Speech Segmentation of Audio Books

Master Project
Announcement date
01 Oct 2011
Philipp Salletmayr
  • Harald Romsdorfer
Research Areas

An important task in speech processing is the segmentation of speech utterances into the appropriate sequence of phones. This segmentation is traditionally accomplished using some kind of phoneme-based forced alignment algorithm. However, the segmentation of long speech utterances, so-called monologues, is in general a non-trivial issue, cf. [1].

Audio books offer a rich resource of high-quality speech material with accompanying text resources. Unfortunately, the speech material of audio books is a set of very long speech files. Recently, different approaches to the segmentation of monologues were accomplished, e.g. in [2].
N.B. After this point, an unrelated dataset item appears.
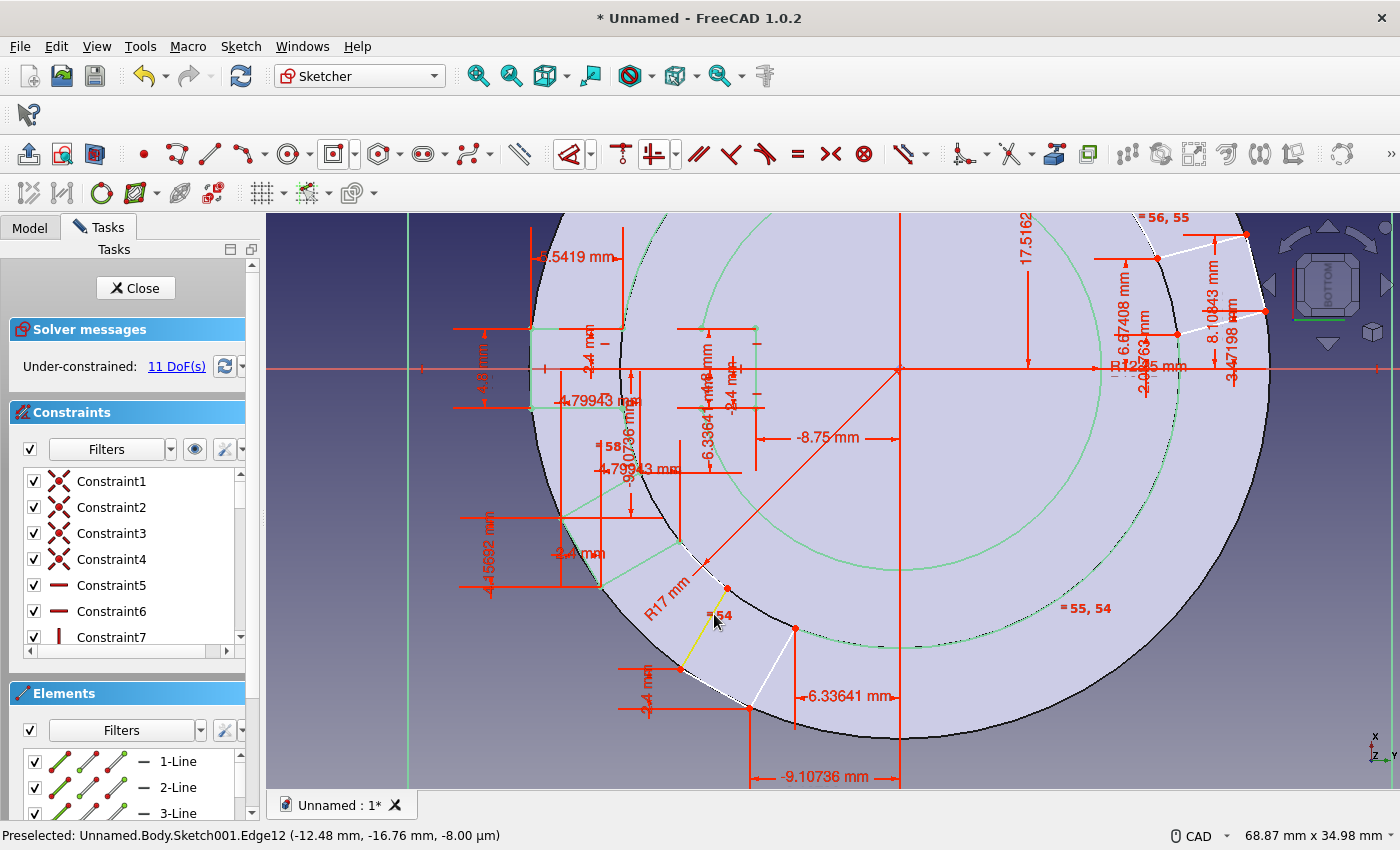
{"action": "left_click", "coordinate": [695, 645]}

This thesis aims to investigate an approach to phone segmentation of long speech monologues using, e.g., a combination of a grapheme-based forced alignment procedure for first sentence- and/or word-level segmentation, followed by a phone-based forced alignment procedure for the final phone level segmentation.


[1] P. J. Moreno and C. Alberti: A factor automaton approach for the forced alignment of long speech recordings. In Proceedings of IEEE Int. Conf. Acoust., Speech, and Signal Processing, pages 4869–4872, Taipei, Taiwan, 2009. 13, 14

[2] K. Prahallad: Automatic Building of Synthetic Voices from Audio Books. PhD Thesis, CMU, Pittsburgh, 2010.